Paulo Freire diria a seus haters: vocês têm razão

Olhando para os lados (quem compõe este país?), olhando para trás (como foi que chegamos até aqui?), poderemos olhar para frente

“Há querer entender o Brasil e há tentar dizer o Brasil o que ele é. Há falar “democracia” da boca para fora e crer de fato que um país não é mais do que a sua gente, toda a sua gente” | imagem: André Koehne

O Brasil não é para amadores assim como o Brasil não é para haters de Paulo Freire.

Brasileiros que somos, entendemos instintivamente o que se quer dizer quando alguém usa a frase: “O Brasil não é para amadores”. É um sentimento muito parecido com aquele meme “Bem-vindo ao Brasil. Regras: não há regras”. A questão é que a gente tem a malandragem de saber que este país não é linear. Esperar que um limite não seja ultrapassado, que uma convicção não seja desmentida, que uma palavra dada não vire paródia – tudo isso é pedir pra ser surpreendido.

Sentimos que para saber o Brasil é preciso ter uns olhos oblíquos de Capitu, ser sincopados como o samba, buscar a ginga debaixo das camadas de técnica fria no futebol. Há, contudo, diversos setores na vida nacional hoje que deixam de lado essa flexibilidade, essa resiliência, essa mutação contínua. Por exemplo, os haters de Paulo Freire – todos esses que, muito mais do que “discordar” das suas ideias, procuram anular sua presença ainda viva. Bentinhos de espírito e doentes do pé, para eliminar seu legado, impõem(-se) uma imagem de Brasil que não aguenta nas pernas.

Um acontecimento só basta para provar essa tese. Como conta Sergio Haddad – autor da biografia O Educador: Um Perfil de Paulo Freire – o educador foi preso pela ditadura militar menos de três meses após o golpe de 1º de abril de 1964 (essa eterna piada pronta de terem salvado a democracia dos comunistas no dia da mentira). Em 16 de junho, enjaularam; soltaram em 3 de julho, prenderam de novo em 4 de julho. Somando tudo, cerca de 70 dias em cárcere1.
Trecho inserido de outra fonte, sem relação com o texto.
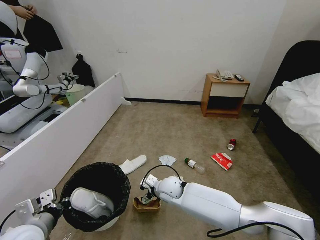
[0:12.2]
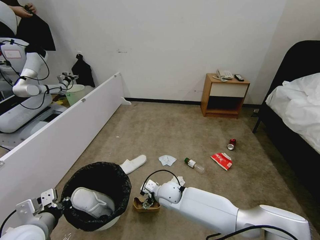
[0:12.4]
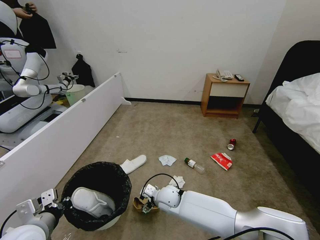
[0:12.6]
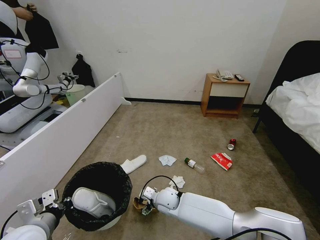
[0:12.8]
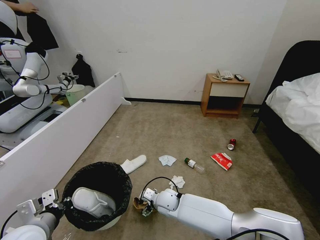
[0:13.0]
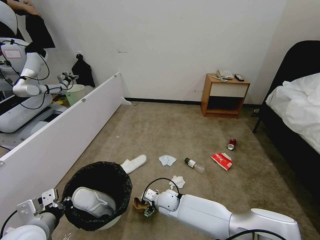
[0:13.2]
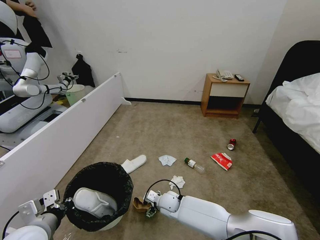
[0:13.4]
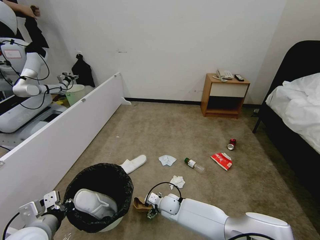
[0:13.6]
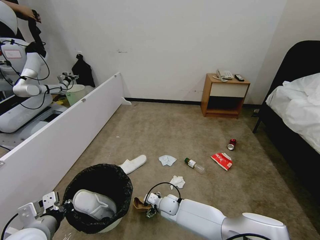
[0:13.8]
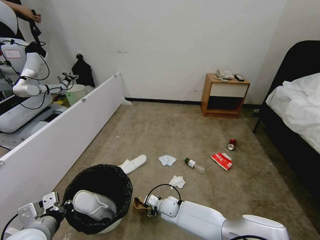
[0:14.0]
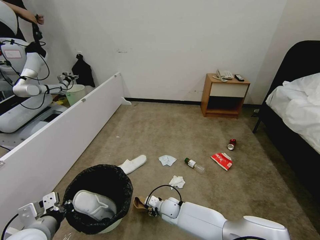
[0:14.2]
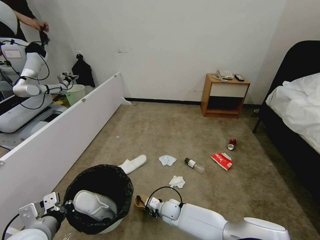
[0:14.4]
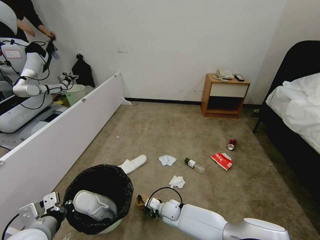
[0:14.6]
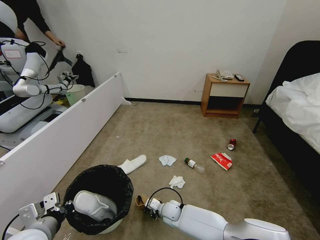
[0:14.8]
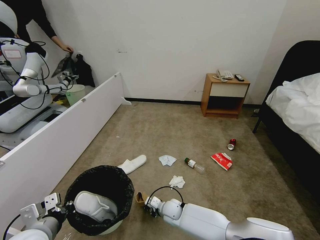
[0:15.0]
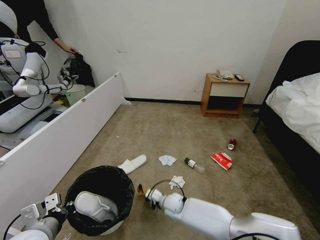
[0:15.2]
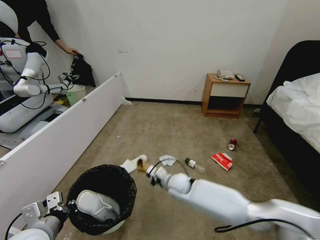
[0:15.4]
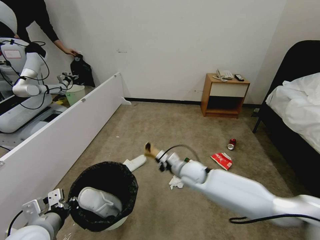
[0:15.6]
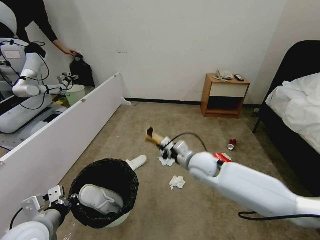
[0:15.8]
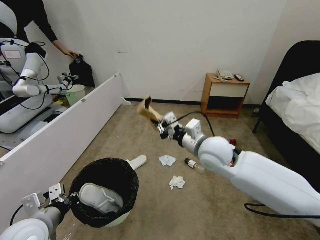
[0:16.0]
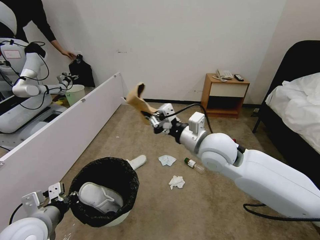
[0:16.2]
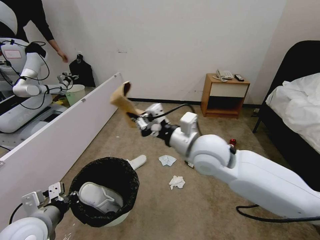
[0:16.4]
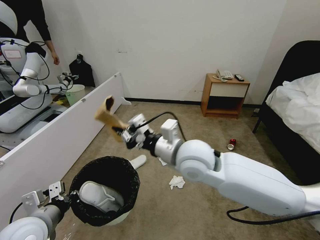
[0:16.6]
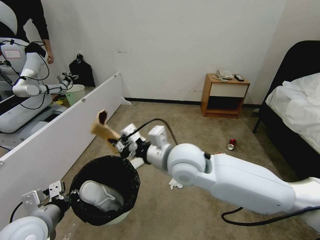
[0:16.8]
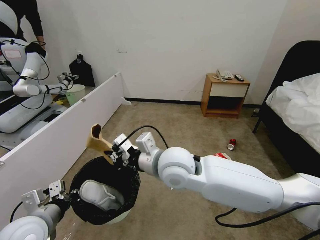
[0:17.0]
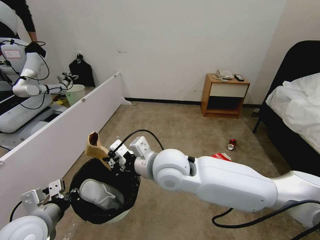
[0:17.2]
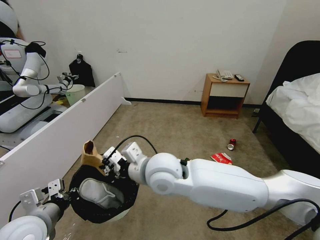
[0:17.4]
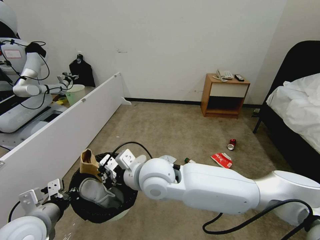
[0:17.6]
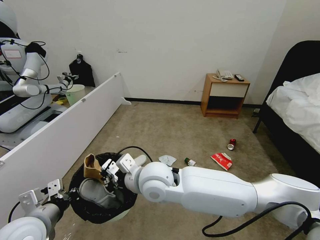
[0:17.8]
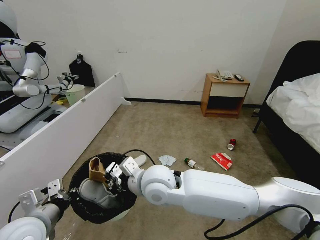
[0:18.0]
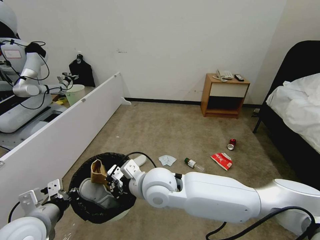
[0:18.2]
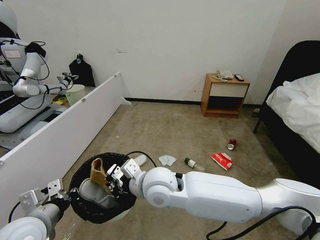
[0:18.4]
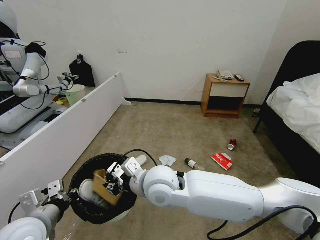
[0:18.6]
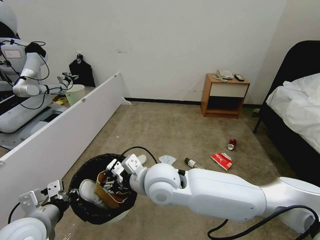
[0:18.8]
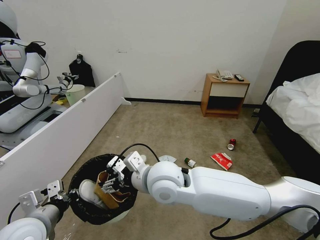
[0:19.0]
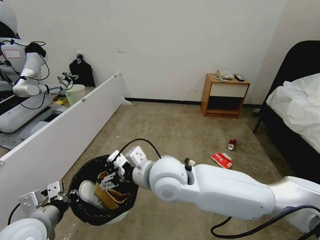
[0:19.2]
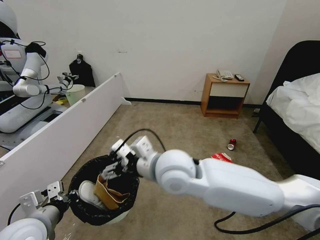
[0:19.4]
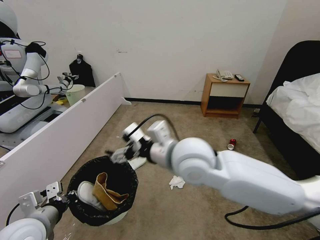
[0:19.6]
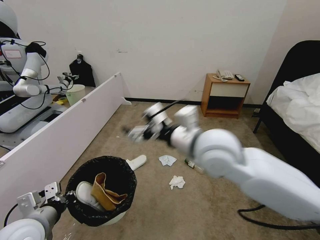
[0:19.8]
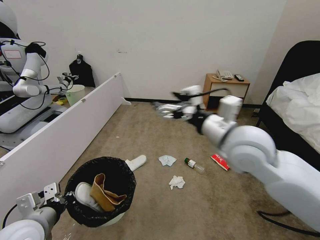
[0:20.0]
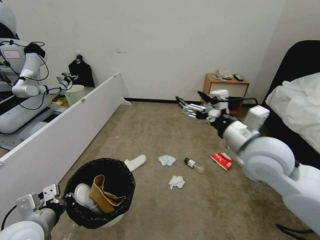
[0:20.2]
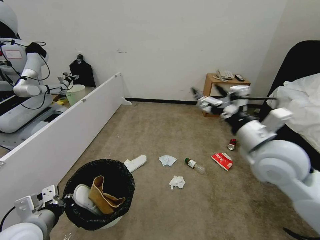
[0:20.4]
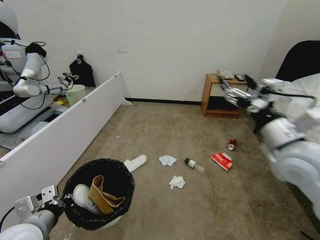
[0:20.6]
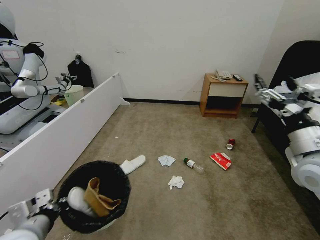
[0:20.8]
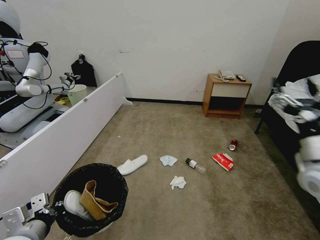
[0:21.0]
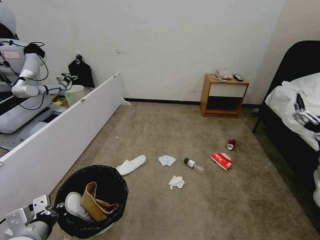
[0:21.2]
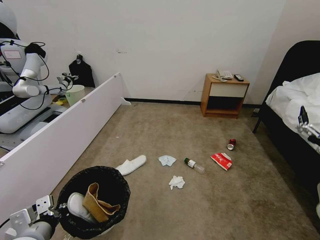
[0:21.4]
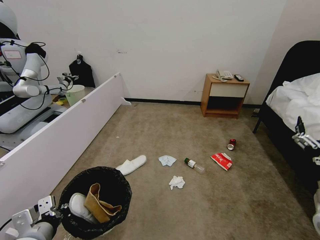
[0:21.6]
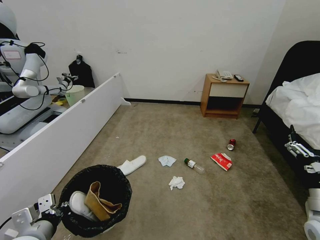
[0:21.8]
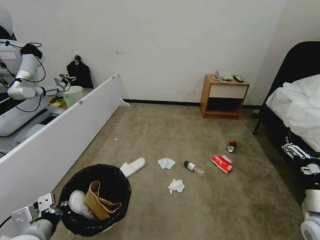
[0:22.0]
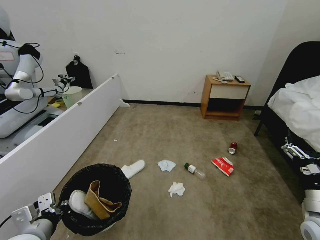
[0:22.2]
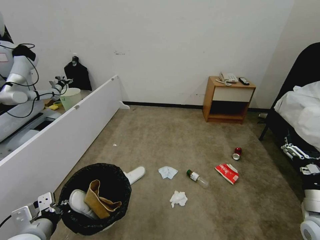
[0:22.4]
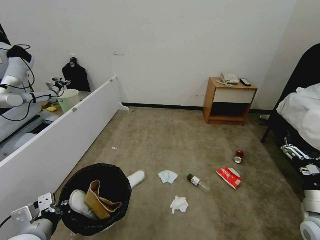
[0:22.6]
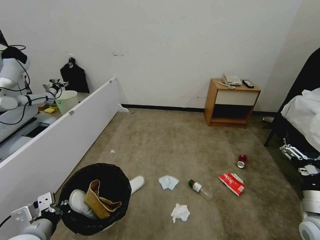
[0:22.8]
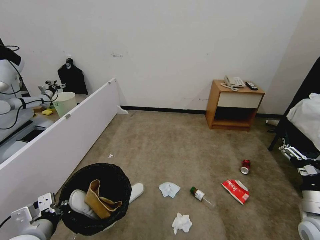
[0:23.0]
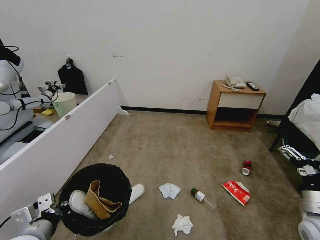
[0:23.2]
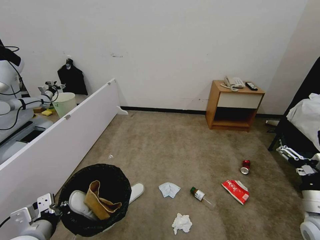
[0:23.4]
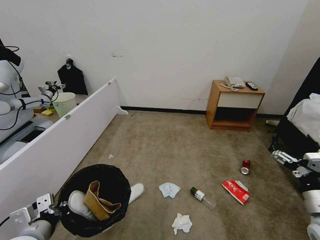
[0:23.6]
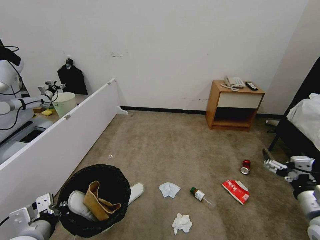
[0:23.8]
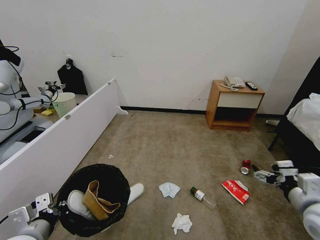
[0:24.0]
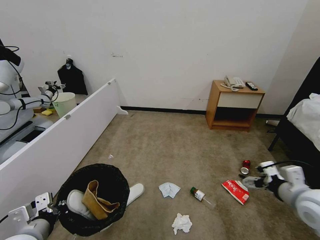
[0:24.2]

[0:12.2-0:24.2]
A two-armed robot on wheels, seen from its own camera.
Task of the whole recording: Pick up the trash bin, then pick up the garbage from the floor and place it into the trash bin.
0:12.2 to 0:13.8: The right gripper is displaced downward by about 15 cm.
0:13.8 to 0:15.2: The right gripper closes up.
0:15.2 to 0:16.6: The right gripper is displaced upward by some 40 cm.
0:16.6 to 0:18.2: The right gripper goes about 10 cm to the left and downward.
0:18.2 to 0:19.8: The right gripper heads to the right and upward, covering approximately 20 cm, and opens up.
0:19.8 to 0:21.2: The right gripper travels to the right by about 30 cm.
0:21.2 to 0:22.6: The right gripper travels downward by some 10 cm.
0:22.6 to 0:24.2: The right gripper is displaced upward by approximately 5 cm.

No segundo período de encarceramento, um tenente veio falar com ele. “Professor”, pediu o militar, “vim conversar com o senhor porque agora nós vamos receber um grupo de recrutas e, entre eles, há uma quantidade enorme de analfabetos. Por que o senhor não aproveita sua passagem por aqui e ajuda a gente a alfabetizar esses rapazes?”. Surpreso, Paulo respondeu: “Mas, meu querido tenente, estou preso exatamente por causa disso! Está havendo uma irracionalidade enorme no país hoje, e se o senhor falar nessa história de que vai convidar o Paulo Freire para alfabetizar os recrutas, o senhor vai para a cadeia também. Não dá!”.

Há pouca coisa mais Brasil do que esse momento. Para além dos editorais pró-golpe na imprensa brasileira, do apagamento da popularidade do presidente derrubado João Goulart, da tentativa bem-sucedida de por para debaixo do tapete anseios populares que se faziam ouvir pela primeira vez (e de por debaixo da terra os que insistissem) — para além de tudo isso, no lado de dentro do regime ditatorial o mesmo desejo, a mesma necessidade, persistia e fazia seu apelo. O tenente, o Brasil de baixo, mesmo que cooptado. O tenente foi à Paulo Freire, não aos que moveram mundos e fundos para acabar com o projeto do professor e fracassaram em alfabetizar o país nos anos seguintes.

Toca um Brasil desse no pé do amador ele não sabe o que fazer, se atropela, não aguenta nas quatro linhas, chuta pra lateral, pra linha de fundo. Esse tenente podia até saber que a “revolução” tinha sido feita para prender e matar gente como aquele professor ali. Diziam pra ele: “Comunista é demônio”. Ele respondia: “Verdade”. Mas havia algo mais real: não era bom soldados analfabetos. Uma coisa era a ideologia direitosa. Outra era o mundo na frente dele. Pode quer que ele só fosse ingênuo, claro. Mas gosto de pensar que entendeu que uma deficiência da sua classe e que havia ali um homem para repará-la. Governo federal, hierarquia militar? Quero é que meus companheiros saibam ler.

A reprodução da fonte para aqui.